+++ TASK INPUT +++
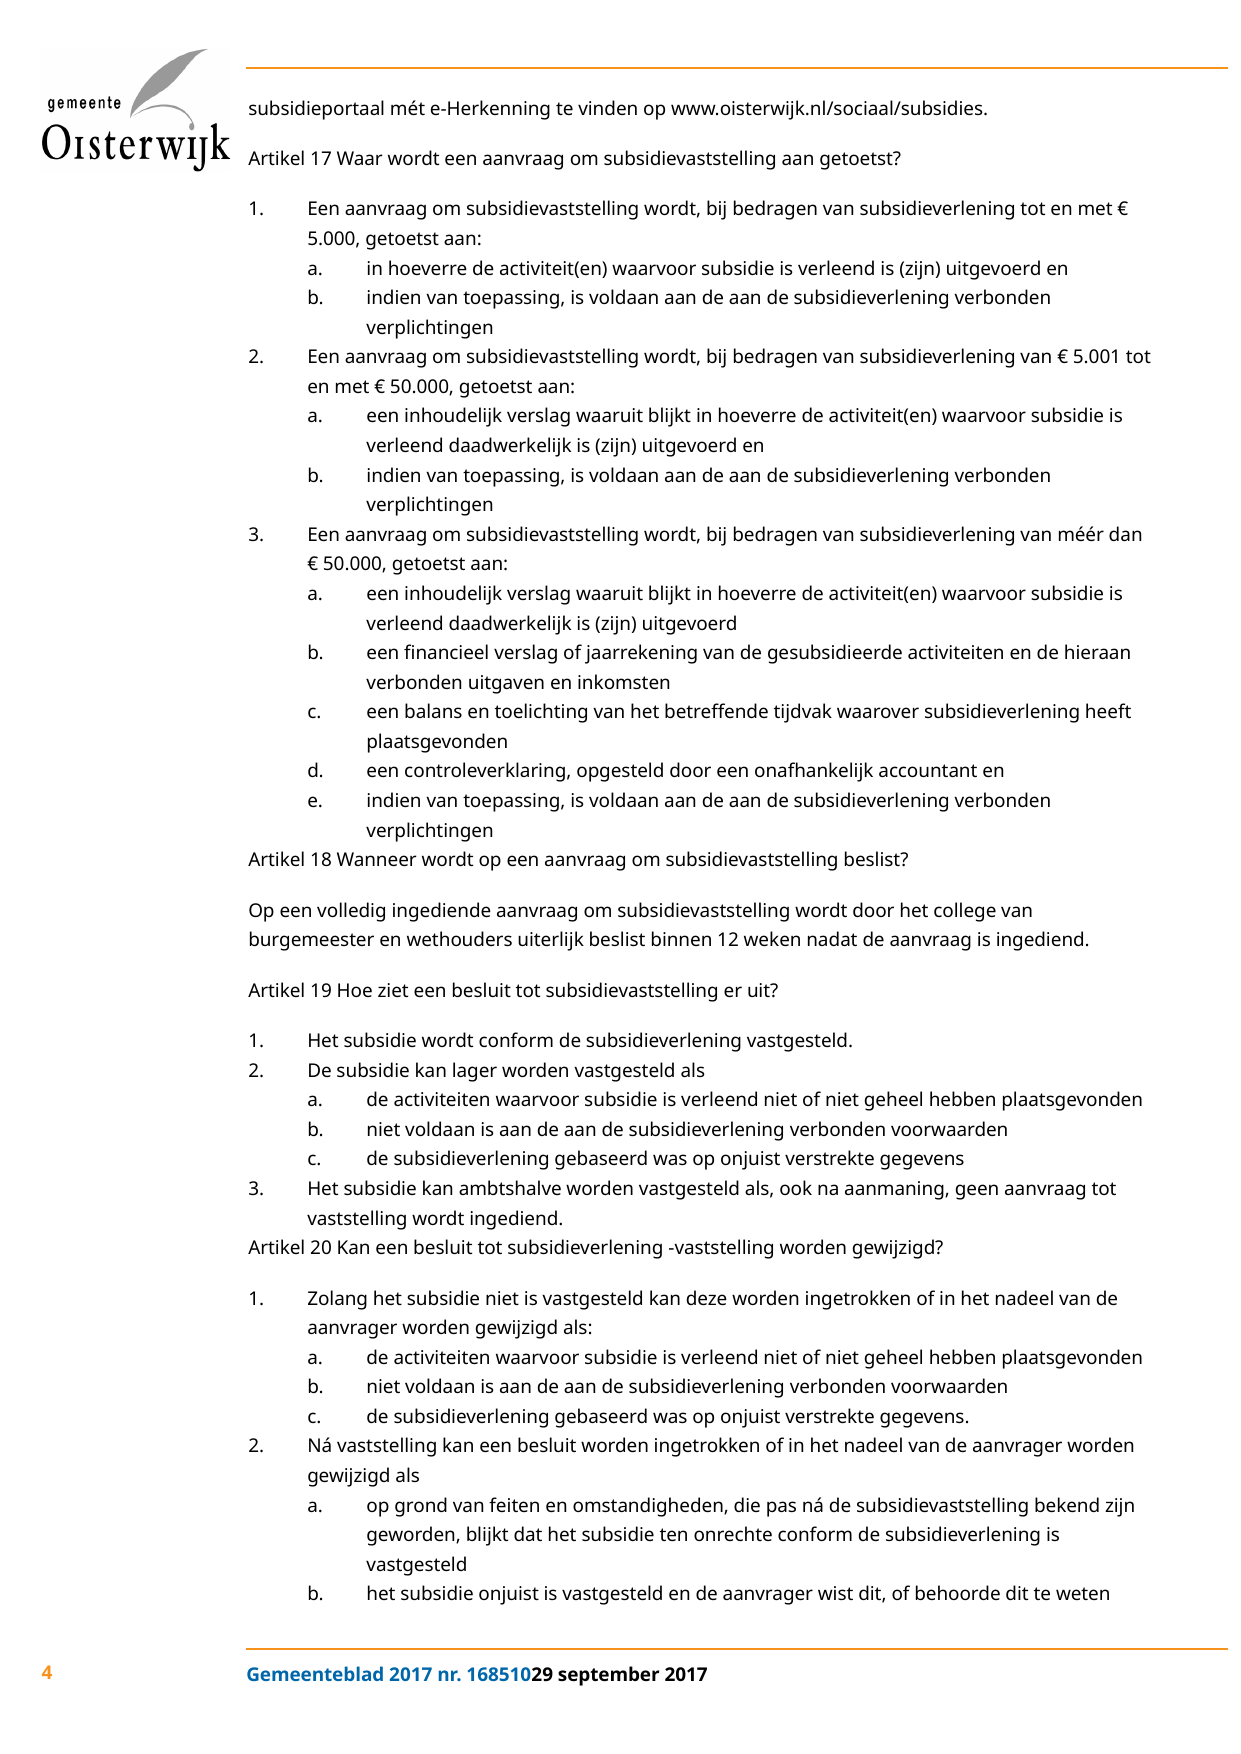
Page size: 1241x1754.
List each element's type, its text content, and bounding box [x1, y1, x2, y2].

list Een aanvraag om subsidievaststelling wordt, bij bedragen van subsidieverlening van € 5.001 tot en met € 50.000, getoetst aan: [248, 343, 1152, 399]
list Ná vaststelling kan een besluit worden ingetrokken of in het nadeel van de aanvrager worden gewijzigd als [248, 1433, 1152, 1488]
list niet voldaan is aan de aan de subsidieverlening verbonden voorwaarden [307, 1373, 1152, 1399]
list Zolang het subsidie niet is vastgesteld kan deze worden ingetrokken of in het nadeel van de aanvrager worden gewijzigd als: [248, 1285, 1152, 1340]
list de subsidieverlening gebaseerd was op onjuist verstrekte gegevens [307, 1146, 1152, 1171]
list De subsidie kan lager worden vastgesteld als [248, 1057, 1152, 1083]
list een balans en toelichting van het betreffende tijdvak waarover subsidieverlening heeft plaatsgevonden [307, 698, 1152, 754]
text Artikel 17 Waar wordt een aanvraag om subsidievaststelling aan getoetst? [248, 145, 1152, 171]
list Het subsidie wordt conform de subsidieverlening vastgesteld. [248, 1027, 1152, 1053]
list indien van toepassing, is voldaan aan de aan de subsidieverlening verbonden verplichtingen [307, 787, 1152, 843]
list een inhoudelijk verslag waaruit blijkt in hoeverre de activiteit(en) waarvoor subsidie is verleend daadwerkelijk is (zijn) uitgevoerd [307, 580, 1152, 636]
list Het subsidie kan ambtshalve worden vastgesteld als, ook na aanmaning, geen aanvraag tot vaststelling wordt ingediend. [248, 1175, 1152, 1231]
list op grond van feiten en omstandigheden, die pas ná de subsidievaststelling bekend zijn geworden, blijkt dat het subsidie ten onrechte conform de subsidieverlening is vastgesteld [307, 1492, 1152, 1577]
text Op een volledig ingediende aanvraag om subsidievaststelling wordt door het college van burgemeester en wethouders uiterlijk beslist binnen 12 weken nadat de aanvraag is ingediend. [248, 897, 1152, 952]
list de subsidieverlening gebaseerd was op onjuist verstrekte gegevens. [307, 1403, 1152, 1429]
text Artikel 19 Hoe ziet een besluit tot subsidievaststelling er uit? [248, 977, 1152, 1003]
picture [41, 47, 231, 172]
list het subsidie onjuist is vastgesteld en de aanvrager wist dit, of behoorde dit te weten [307, 1581, 1152, 1606]
list de activiteiten waarvoor subsidie is verleend niet of niet geheel hebben plaatsgevonden [307, 1086, 1152, 1112]
list indien van toepassing, is voldaan aan de aan de subsidieverlening verbonden verplichtingen [307, 462, 1152, 517]
list Een aanvraag om subsidievaststelling wordt, bij bedragen van subsidieverlening van méér dan € 50.000, getoetst aan: [248, 521, 1152, 576]
list een controleverklaring, opgesteld door een onafhankelijk accountant en [307, 758, 1152, 783]
text Artikel 20 Kan een besluit tot subsidieverlening -vaststelling worden gewijzigd? [248, 1234, 1152, 1260]
list Een aanvraag om subsidievaststelling wordt, bij bedragen van subsidieverlening tot en met € 5.000, getoetst aan: [248, 196, 1152, 251]
list niet voldaan is aan de aan de subsidieverlening verbonden voorwaarden [307, 1116, 1152, 1142]
list in hoeverre de activiteit(en) waarvoor subsidie is verleend is (zijn) uitgevoerd en [307, 255, 1152, 281]
list een inhoudelijk verslag waaruit blijkt in hoeverre de activiteit(en) waarvoor subsidie is verleend daadwerkelijk is (zijn) uitgevoerd en [307, 403, 1152, 458]
list de activiteiten waarvoor subsidie is verleend niet of niet geheel hebben plaatsgevonden [307, 1344, 1152, 1370]
list een financieel verslag of jaarrekening van de gesubsidieerde activiteiten en de hieraan verbonden uitgaven en inkomsten [307, 639, 1152, 695]
text Artikel 18 Wanneer wordt op een aanvraag om subsidievaststelling beslist? [248, 846, 1152, 872]
list indien van toepassing, is voldaan aan de aan de subsidieverlening verbonden verplichtingen [307, 284, 1152, 340]
text subsidieportaal mét e-Herkenning te vinden op www.oisterwijk.nl/sociaal/subsidies. [248, 95, 1152, 121]
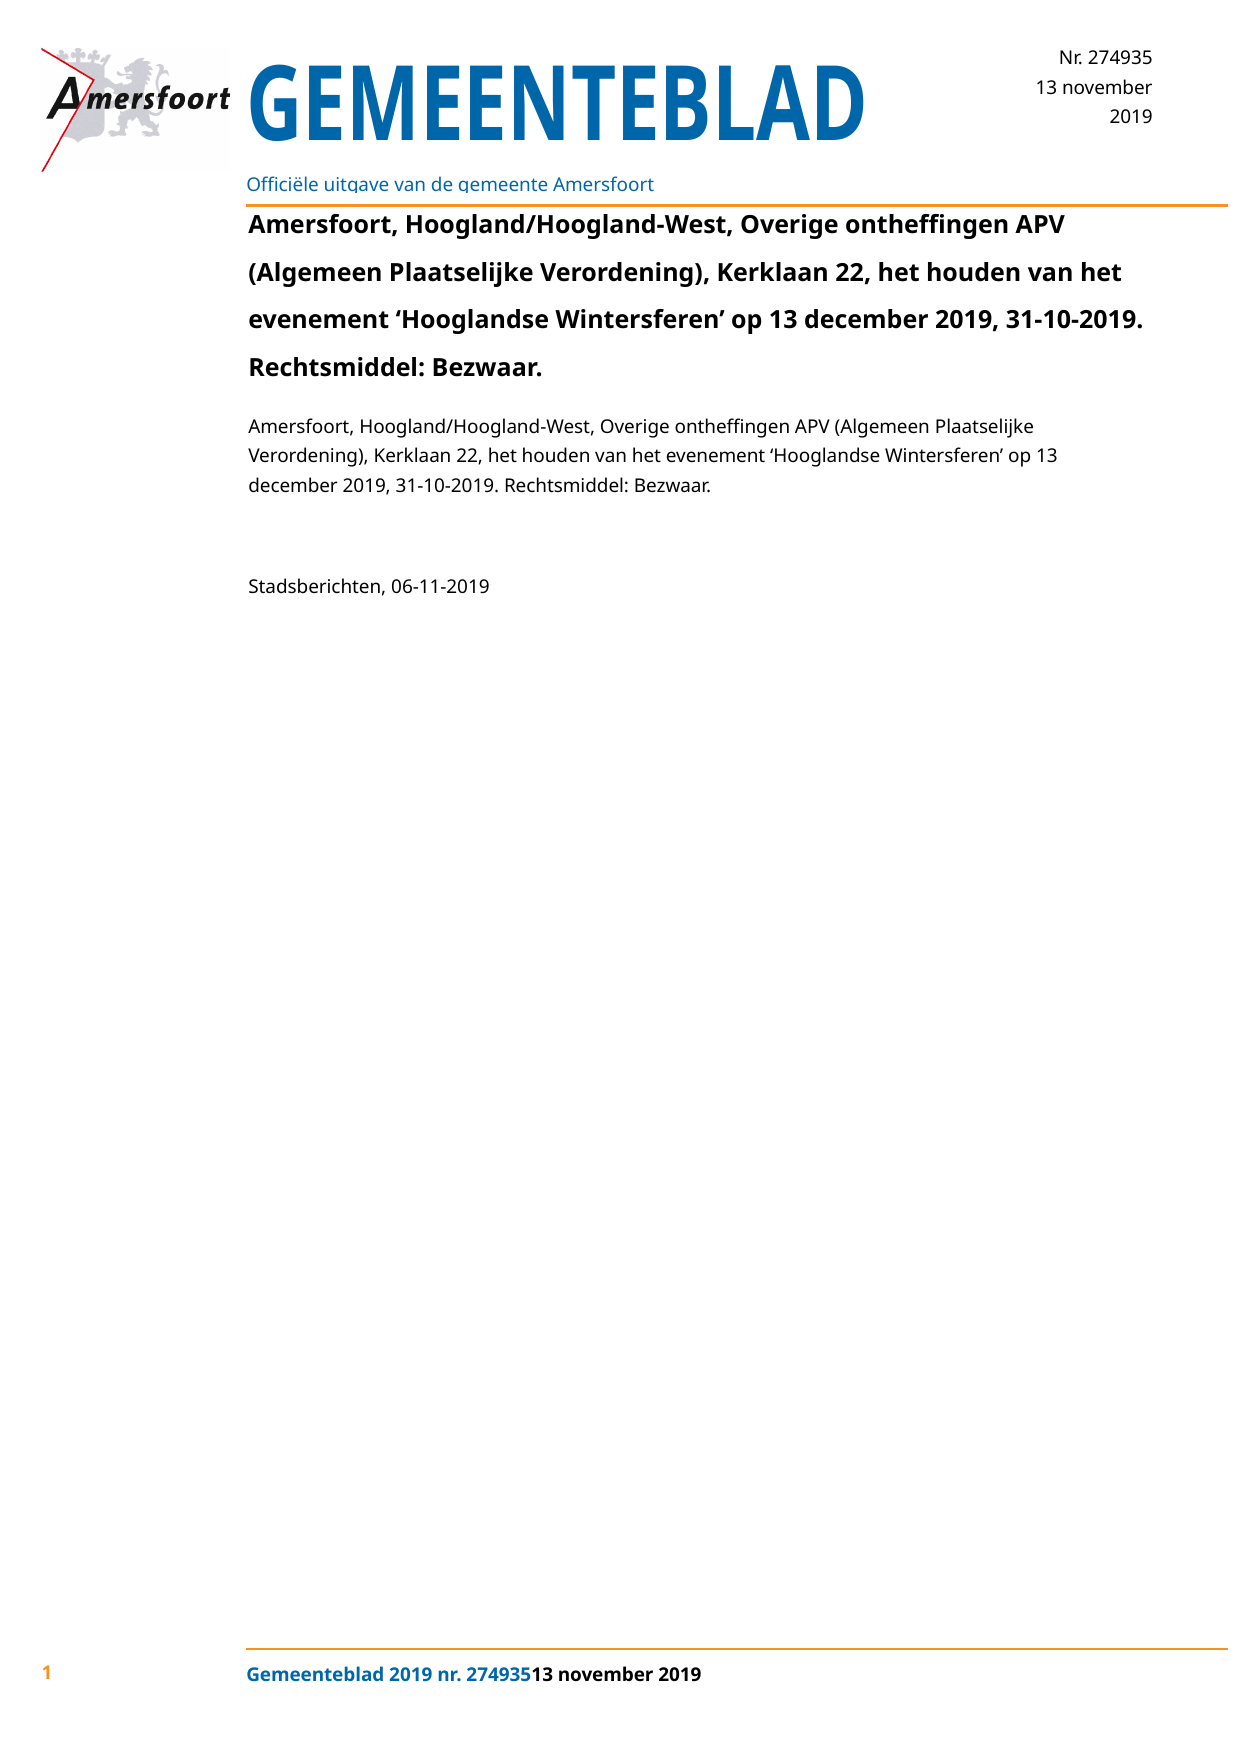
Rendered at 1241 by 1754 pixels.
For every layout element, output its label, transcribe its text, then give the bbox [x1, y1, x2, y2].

text Amersfoort, Hoogland/Hoogland-West, Overige ontheffingen APV (Algemeen Plaatselijke Verordening), Kerklaan 22, het houden van het evenement ‘Hooglandse Wintersferen’ op 13 december 2019, 31-10-2019. Rechtsmiddel: Bezwaar. [248, 413, 1152, 498]
text Stadsberichten, 06-11-2019 [248, 573, 1152, 599]
picture [41, 47, 231, 172]
text Amersfoort, Hoogland/Hoogland-West, Overige ontheffingen APV (Algemeen Plaatselijke Verordening), Kerklaan 22, het houden van het evenement ‘Hooglandse Wintersferen’ op 13 december 2019, 31-10-2019. Rechtsmiddel: Bezwaar. [248, 207, 1152, 384]
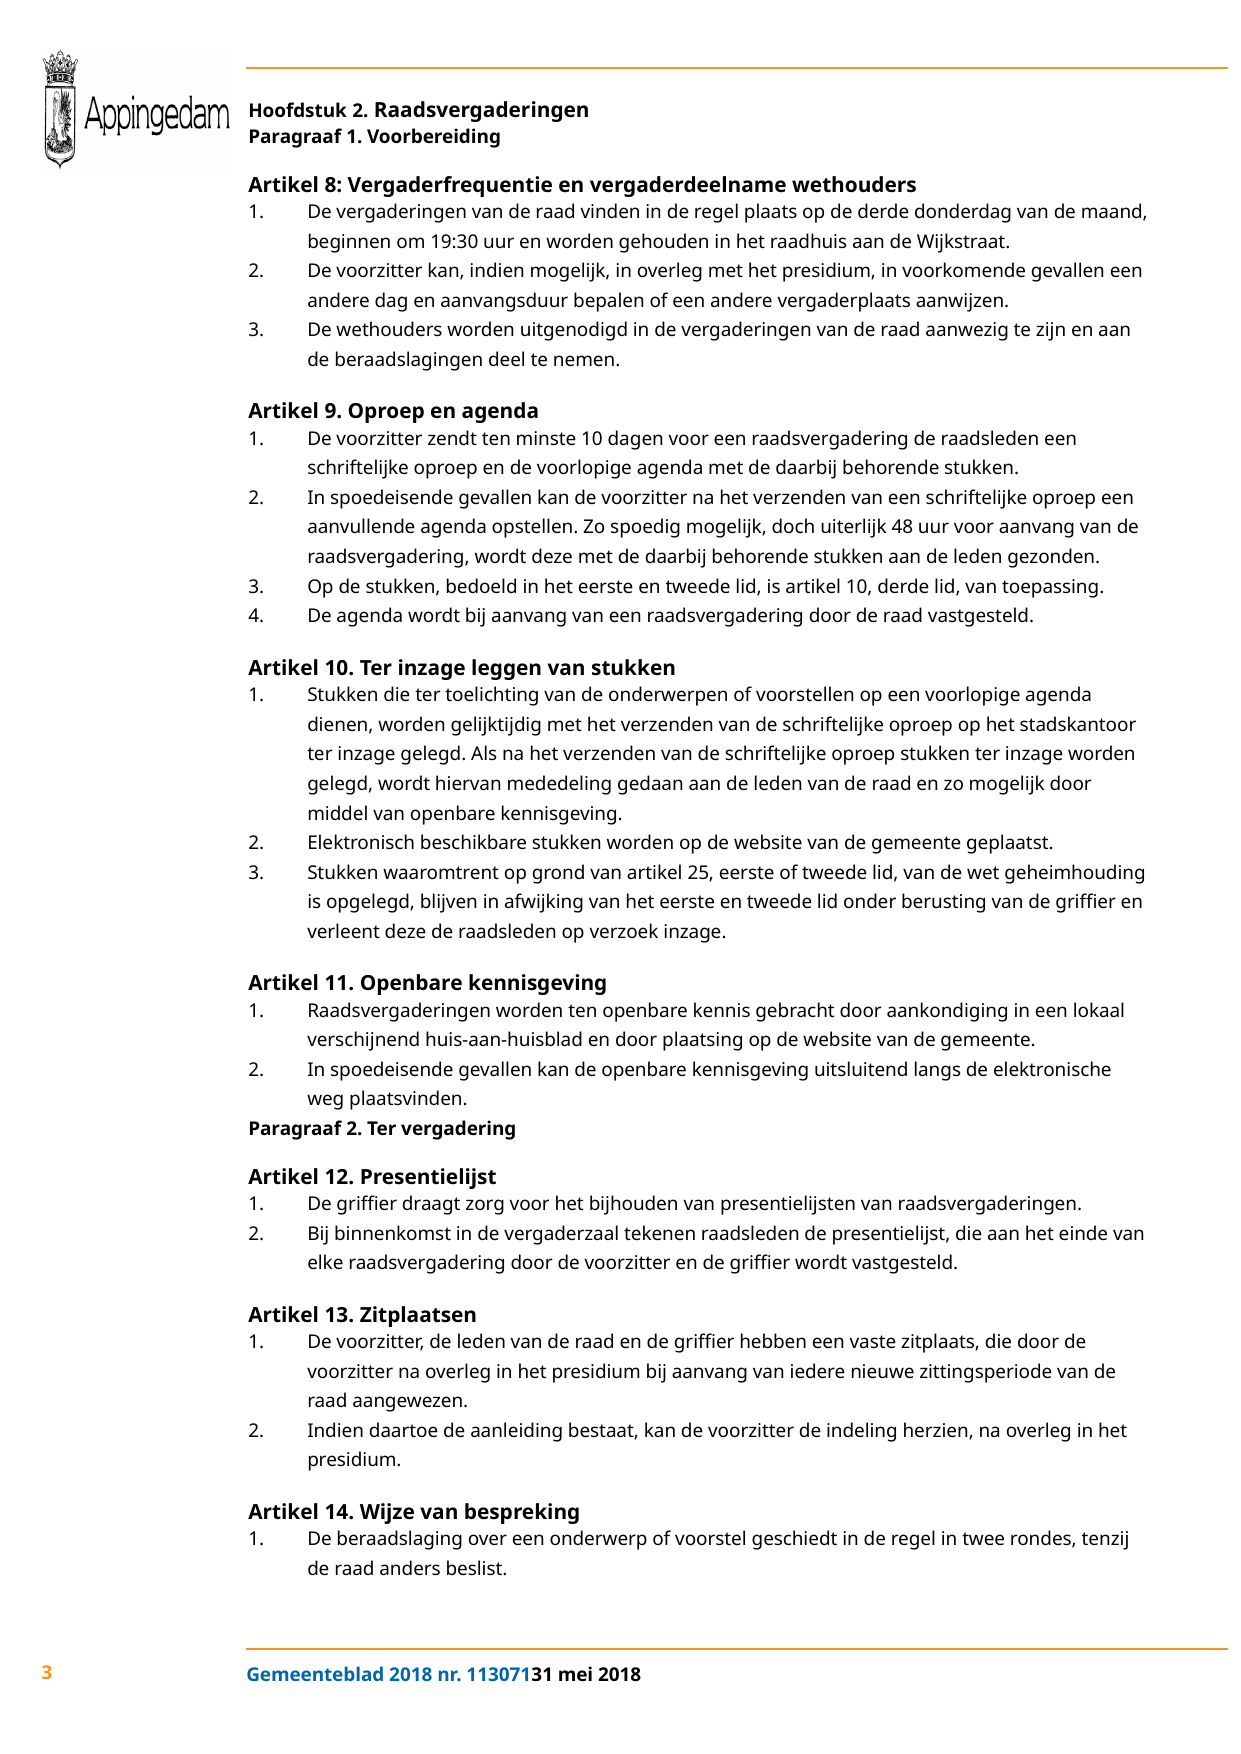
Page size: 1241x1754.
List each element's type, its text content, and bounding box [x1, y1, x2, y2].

text Artikel 13. Zitplaatsen [248, 1300, 1152, 1328]
list De voorzitter kan, indien mogelijk, in overleg met het presidium, in voorkomende gevallen een andere dag en aanvangsduur bepalen of een andere vergaderplaats aanwijzen. [248, 257, 1152, 313]
list Op de stukken, bedoeld in het eerste en tweede lid, is artikel 10, derde lid, van toepassing. [248, 573, 1152, 599]
list De griffier draagt zorg voor het bijhouden van presentielijsten van raadsvergaderingen. [248, 1190, 1152, 1216]
list Bij binnenkomst in de vergaderzaal tekenen raadsleden de presentielijst, die aan het einde van elke raadsvergadering door de voorzitter en de griffier wordt vastgesteld. [248, 1220, 1152, 1275]
text Artikel 12. Presentielijst [248, 1162, 1152, 1190]
list Stukken die ter toelichting van de onderwerpen of voorstellen op een voorlopige agenda dienen, worden gelijktijdig met het verzenden van de schriftelijke oproep op het stadskantoor ter inzage gelegd. Als na het verzenden van de schriftelijke oproep stukken ter inzage worden gelegd, wordt hiervan mededeling gedaan aan de leden van de raad en zo mogelijk door middel van openbare kennisgeving. [248, 681, 1152, 825]
text Artikel 10. Ter inzage leggen van stukken [248, 653, 1152, 681]
list Elektronisch beschikbare stukken worden op de website van de gemeente geplaatst. [248, 829, 1152, 855]
picture [41, 47, 231, 172]
text Hoofdstuk 2. Raadsvergaderingen [248, 95, 1152, 123]
text Artikel 14. Wijze van bespreking [248, 1497, 1152, 1525]
text Paragraaf 1. Voorbereiding [248, 123, 1152, 149]
text Artikel 9. Oproep en agenda [248, 397, 1152, 425]
list Raadsvergaderingen worden ten openbare kennis gebracht door aankondiging in een lokaal verschijnend huis-aan-huisblad en door plaatsing op de website van de gemeente. [248, 997, 1152, 1052]
text Artikel 8: Vergaderfrequentie en vergaderdeelname wethouders [248, 170, 1152, 198]
list In spoedeisende gevallen kan de voorzitter na het verzenden van een schriftelijke oproep een aanvullende agenda opstellen. Zo spoedig mogelijk, doch uiterlijk 48 uur voor aanvang van de raadsvergadering, wordt deze met de daarbij behorende stukken aan de leden gezonden. [248, 484, 1152, 569]
list De beraadslaging over een onderwerp of voorstel geschiedt in de regel in twee rondes, tenzij de raad anders beslist. [248, 1525, 1152, 1581]
list Stukken waaromtrent op grond van artikel 25, eerste of tweede lid, van de wet geheimhouding is opgelegd, blijven in afwijking van het eerste en tweede lid onder berusting van de griffier en verleent deze de raadsleden op verzoek inzage. [248, 859, 1152, 944]
list In spoedeisende gevallen kan de openbare kennisgeving uitsluitend langs de elektronische weg plaatsvinden. [248, 1056, 1152, 1111]
text Artikel 11. Openbare kennisgeving [248, 968, 1152, 997]
list De voorzitter zendt ten minste 10 dagen voor een raadsvergadering de raadsleden een schriftelijke oproep en de voorlopige agenda met de daarbij behorende stukken. [248, 425, 1152, 480]
list Indien daartoe de aanleiding bestaat, kan de voorzitter de indeling herzien, na overleg in het presidium. [248, 1417, 1152, 1472]
list De voorzitter, de leden van de raad en de griffier hebben een vaste zitplaats, die door de voorzitter na overleg in het presidium bij aanvang van iedere nieuwe zittingsperiode van de raad aangewezen. [248, 1328, 1152, 1413]
list De wethouders worden uitgenodigd in de vergaderingen van de raad aanwezig te zijn en aan de beraadslagingen deel te nemen. [248, 317, 1152, 372]
list De vergaderingen van de raad vinden in de regel plaats op de derde donderdag van de maand, beginnen om 19:30 uur en worden gehouden in het raadhuis aan de Wijkstraat. [248, 198, 1152, 253]
list De agenda wordt bij aanvang van een raadsvergadering door de raad vastgesteld. [248, 602, 1152, 628]
text Paragraaf 2. Ter vergadering [248, 1115, 1152, 1141]
+++
### WHAT YOU SHOULD DO:
From the listing above, the lines starting with the one that has "text Op een" and running through the one that has "521, 1152, 576]" should be copied exactly, ends included.

### RESULT OF THE TASK:
text Op een volledig ingediende aanvraag om subsidievaststelling wordt door het college van burgemeester en wethouders uiterlijk beslist binnen 12 weken nadat de aanvraag is ingediend. [248, 897, 1152, 952]
list de subsidieverlening gebaseerd was op onjuist verstrekte gegevens. [307, 1403, 1152, 1429]
text Artikel 19 Hoe ziet een besluit tot subsidievaststelling er uit? [248, 977, 1152, 1003]
picture [41, 47, 231, 172]
list het subsidie onjuist is vastgesteld en de aanvrager wist dit, of behoorde dit te weten [307, 1581, 1152, 1606]
list de activiteiten waarvoor subsidie is verleend niet of niet geheel hebben plaatsgevonden [307, 1086, 1152, 1112]
list indien van toepassing, is voldaan aan de aan de subsidieverlening verbonden verplichtingen [307, 462, 1152, 517]
list Een aanvraag om subsidievaststelling wordt, bij bedragen van subsidieverlening van méér dan € 50.000, getoetst aan: [248, 521, 1152, 576]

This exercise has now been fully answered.